Имя Пушкина слишком сильно связано с Одессой. И в местном обществе, с университетом во главе, торжество это вызвало большой подъем. Множество обществ, организаций и учреждений готовили венки, конкурируя в остроумии и изяществе.
Откликнулось и студенчество; на сходке были избраны делегаты. На собранные в складчину несколько десятков рублей мы соорудили громадный венок из лавров и дубовых листьев, перевитый лентой национальных цветов. Не богатством, а величиной венок превосходил все остальные. Мы его могли нести лишь по два вместе, на большой крестообразной подставке.
Солнечный, жаркий день. Собрались десятки тысяч народу. Заполнили площадь, бульвар и еще на далекое расстояние Пушкинскую улицу. Крыши ближайших домов были облеплены зрителями. Чувствовалось какое-то особенное, не просто формальное, настроение. Пробраться к памятнику можно было только делегациям.
Едва мы стали на отведенном месте, как на нас налетел разгневанный старец, в парадном мундире, с синими кантами, — начальник местного горного округа. Кажется, его фамилия была Долинский.
— Что за безобразие! Почему вы не в парадных мундирах?! Как можно допускать такое неприличие…
Распорядители, опасаясь нашей реакции, увели разгневанного старика в сторону. Горный генерал забыл свои студенческие времена. Вся «приличная» одежда студентов почти всегда состояла из единственного поношенного сертука или поношенной тужурки. Мы этого не стыдились. И никто в обществе никогда не бывал шокирован возрастом студенческой одежды.

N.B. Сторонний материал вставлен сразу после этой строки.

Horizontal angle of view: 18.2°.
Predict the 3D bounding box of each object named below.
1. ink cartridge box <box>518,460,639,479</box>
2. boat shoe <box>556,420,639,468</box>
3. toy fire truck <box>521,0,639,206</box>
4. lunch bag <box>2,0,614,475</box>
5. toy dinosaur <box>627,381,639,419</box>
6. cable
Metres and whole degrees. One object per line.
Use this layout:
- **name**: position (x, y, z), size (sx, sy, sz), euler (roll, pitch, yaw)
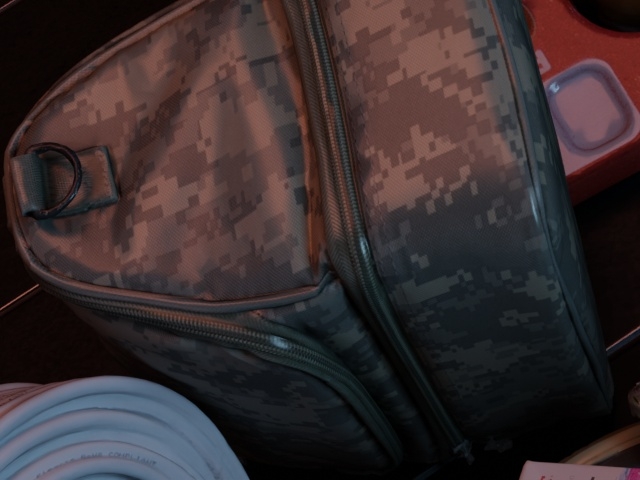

Памятник открыт, и из него забил фонтан. Но это, кажется, был первый и единственный раз. Осуществление идеи памятника-фонтана не вышло удачным.
Перепись Одессы
В начале зимы 1891 года в Одессе была проведена однодневная перепись. Потребовалось много счетчиков, и в первую очередь были привлечены, конечно, студенты.